> _WHAT YOU NEED TO DO_
When the string "from" is part of a line in the data below, report the whole line.
==== RECORD EXCERPTS
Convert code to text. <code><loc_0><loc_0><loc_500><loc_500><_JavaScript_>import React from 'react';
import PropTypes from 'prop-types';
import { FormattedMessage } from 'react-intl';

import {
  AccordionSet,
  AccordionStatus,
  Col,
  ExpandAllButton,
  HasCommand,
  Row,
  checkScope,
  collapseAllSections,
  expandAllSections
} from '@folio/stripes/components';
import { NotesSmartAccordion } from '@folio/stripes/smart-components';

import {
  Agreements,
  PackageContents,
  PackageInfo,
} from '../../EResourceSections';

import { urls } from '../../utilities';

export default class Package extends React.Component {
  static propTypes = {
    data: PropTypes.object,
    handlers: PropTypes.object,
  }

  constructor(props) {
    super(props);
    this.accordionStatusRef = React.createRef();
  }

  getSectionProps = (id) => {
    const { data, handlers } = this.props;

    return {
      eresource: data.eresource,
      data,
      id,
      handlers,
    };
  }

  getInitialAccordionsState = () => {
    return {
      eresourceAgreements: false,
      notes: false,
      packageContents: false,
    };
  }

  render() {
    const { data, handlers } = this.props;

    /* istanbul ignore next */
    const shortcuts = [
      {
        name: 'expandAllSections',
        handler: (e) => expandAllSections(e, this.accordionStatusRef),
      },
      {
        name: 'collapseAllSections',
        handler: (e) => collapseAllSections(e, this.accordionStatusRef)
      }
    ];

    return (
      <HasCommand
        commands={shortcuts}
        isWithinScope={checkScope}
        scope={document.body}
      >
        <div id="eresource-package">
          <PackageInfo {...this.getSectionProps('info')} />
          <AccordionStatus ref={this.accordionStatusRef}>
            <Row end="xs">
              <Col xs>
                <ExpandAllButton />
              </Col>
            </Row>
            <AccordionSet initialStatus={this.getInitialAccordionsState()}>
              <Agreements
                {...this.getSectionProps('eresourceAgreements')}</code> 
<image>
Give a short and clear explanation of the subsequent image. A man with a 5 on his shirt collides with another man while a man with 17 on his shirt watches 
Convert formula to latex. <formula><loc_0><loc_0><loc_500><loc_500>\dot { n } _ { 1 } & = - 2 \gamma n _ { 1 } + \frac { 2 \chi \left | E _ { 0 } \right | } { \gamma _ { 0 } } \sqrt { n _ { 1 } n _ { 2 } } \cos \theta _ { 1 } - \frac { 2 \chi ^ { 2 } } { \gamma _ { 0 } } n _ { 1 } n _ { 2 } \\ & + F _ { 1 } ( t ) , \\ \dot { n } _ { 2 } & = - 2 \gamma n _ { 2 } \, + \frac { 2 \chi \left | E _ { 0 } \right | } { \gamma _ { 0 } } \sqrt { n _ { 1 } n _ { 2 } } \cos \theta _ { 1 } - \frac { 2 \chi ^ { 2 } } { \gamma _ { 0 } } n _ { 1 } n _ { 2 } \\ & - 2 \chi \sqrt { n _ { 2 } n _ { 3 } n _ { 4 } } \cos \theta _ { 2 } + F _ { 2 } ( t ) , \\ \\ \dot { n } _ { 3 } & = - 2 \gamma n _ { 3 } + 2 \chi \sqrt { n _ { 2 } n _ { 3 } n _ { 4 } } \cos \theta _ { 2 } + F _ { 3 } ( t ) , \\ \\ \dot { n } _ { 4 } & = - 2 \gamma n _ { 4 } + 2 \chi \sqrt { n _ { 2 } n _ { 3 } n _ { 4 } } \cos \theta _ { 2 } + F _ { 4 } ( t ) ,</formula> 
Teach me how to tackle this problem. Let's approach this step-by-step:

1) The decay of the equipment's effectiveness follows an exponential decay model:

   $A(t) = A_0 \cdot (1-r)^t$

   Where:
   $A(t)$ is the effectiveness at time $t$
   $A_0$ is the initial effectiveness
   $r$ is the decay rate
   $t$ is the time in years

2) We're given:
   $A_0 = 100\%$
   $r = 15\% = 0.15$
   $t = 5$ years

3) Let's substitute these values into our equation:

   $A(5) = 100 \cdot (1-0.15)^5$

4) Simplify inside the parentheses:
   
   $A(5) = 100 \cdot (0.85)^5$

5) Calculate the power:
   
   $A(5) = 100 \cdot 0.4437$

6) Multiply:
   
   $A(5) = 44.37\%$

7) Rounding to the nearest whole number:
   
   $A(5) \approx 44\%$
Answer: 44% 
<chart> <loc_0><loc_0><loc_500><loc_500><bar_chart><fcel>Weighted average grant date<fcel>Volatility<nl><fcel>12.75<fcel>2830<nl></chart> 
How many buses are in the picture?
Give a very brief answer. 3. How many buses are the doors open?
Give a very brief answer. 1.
========
> _SOLUTION TO THE EXERCISE_
Convert code to text. <code><loc_0><loc_0><loc_500><loc_500><_JavaScript_>import React from 'react';
import PropTypes from 'prop-types';
import { FormattedMessage } from 'react-intl';
} from '@folio/stripes/components';
import { NotesSmartAccordion } from '@folio/stripes/smart-components';
} from '../../EResourceSections';
import { urls } from '../../utilities';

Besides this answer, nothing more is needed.